Smoke and Mirrors

Boo!

It’s nearly Halloween. You can smell the fire pit; feel the brisk fall breeze, while a dampness creeps into your bones. As you walk through the aisles of the supermarket, you’re greeted by a man in a tuxedo and a cape, carrying a cane. The lady at the checkout is dressed as Peter Pan. They are making caramel apples with apples so large they could be grapefruit. Kids eyes have grown larger, and their teeth are shouting in protest. The treats abound and as the night encroaches on us all, only the few and the brave will wander the neighborhoods to pillage and plunder while impersonating Johnny Depp impersonating a Pirate or perhaps they have grown horns from their head while wielding a pitchfork made of flames and fake blood.

As kids, Halloween can be a day where we dress and act like our hero’s. We can have super powers. We can do magic. It’s a day that fantasy becomes more truth than fiction, where imaginations bloom into reality. It’s also the day where anything and everything that scares us can manifest into walking and talking characters willing to trade a Snickers for a Kit Kat. As kids, trick-or-treating, we walked the streets without fear, seeing Werewolves, Witches, Zombies, Devils, Dinosaurs, Aliens, and then there were the Fairies, the Knights, Cops, Firemen, Army Soldiers, Nurses and Doctors, Wonder Women and Super Men.

As adults, well, what do we really make of Halloween now? It is wonderful to walk in the market and see men and women in costume. But have we let our spirit for fantasy vanish into the black hole of adulthood, responsibility, reality? Do we let our pride or maturity over rule the enticement of fiction and fanciful adventure? If you see someone of middle age dressed as a fairy do you smile while letting their glitter cast magic on your heart, or do you take too much note on the details of their costume and focus on the plastic or the fake?
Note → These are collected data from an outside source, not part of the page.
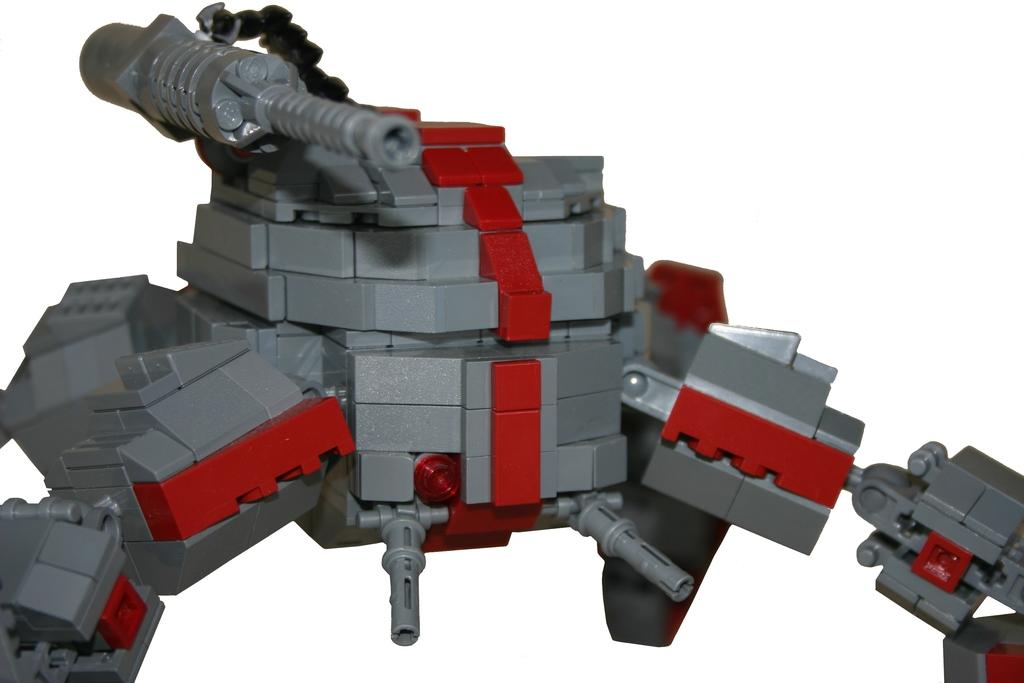What is the main object in the picture? There is a toy in the picture. What color is the background of the image? The background of the image is white. How many suggestions are given in the image? There are no suggestions present in the image; it features a toy and a white background. What type of receipt can be seen in the image? There is no receipt present in the image. 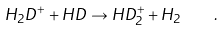<formula> <loc_0><loc_0><loc_500><loc_500>H _ { 2 } D ^ { + } + H D \rightarrow H D _ { 2 } ^ { + } + H _ { 2 } \quad .</formula> 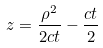<formula> <loc_0><loc_0><loc_500><loc_500>z = \frac { \rho ^ { 2 } } { 2 c t } - \frac { c t } { 2 }</formula> 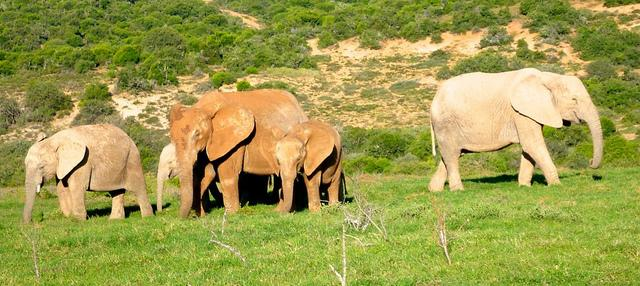What color is the elephant on the right? grey

Now, this may seem like an obvious statement, but what I want to propose to you all is that Halloween, and anyone who chooses to dress and live their fantasy, child or adult, may be the one day that we are the most honest to ourselves and to others.

The fact is, for us responsible and rational adults, the every day life we have to lead means that we have to be sociably acceptable, live to certain rules and mannerisms, in order to fit in or be successful. If you’re a kid and dress as a Wall Street Tycoon, its cute and funny. Give him or her some Monopoly money and a monocle and they’ll break your heart. As an adult, being a true Tycoon means playing many more roles: mentor, dictator; manipulative yet compassionate. Or, compassionately manipulative. That’s just one example. Another and more heartbreaking is to imagine a Doctor who brings devastating news to a patient and their family. They cannot allow themselves to show how they really feel, not all the way, and still do their job. They must deliver news, provide help and assistance, showing strength even while their knees want to buckle under the pressure of just doing their job.

Being an adult can crush our spirits at times. Work can push our limits of physical and mental stamina. We will struggle with our family, finances, and friends. We love them and we pay our bills, but there are many days that being a socially responsible person can break our spirit or deaden our imagination. So, we wear a different kind of mask, and we hide our feelings. We do this to protect those we love. We do this to protect our own sanity. And we live our lies with fake smiles, forced laughs. We live in our masks, nodding at strangers around us who we call mates.

Now, this all seems quite bleak and dark. This is more frightening than the dark and stormy nights we feared as children, or the goblins and ghouls around the cemetery. This scary Halloween tale rings too true to heart. So, what are we to do with this knowledge?

Simple.

Remember what it was like to be a kid. You don’t have to take the mask off. You just need to change the character. Dress up as the one you admire. Wear the mask of the hero. Wear the mask as the witch! Put on your pointy hat and pointy shoes and let it out, cry, and shriek. Those closest will understand, and those that extend out their arms will remind you that no matter what mask you wear, you’re supported.

Life is smoke and mirrors, just remember that the person in that mirror can be whomever you wish them to be.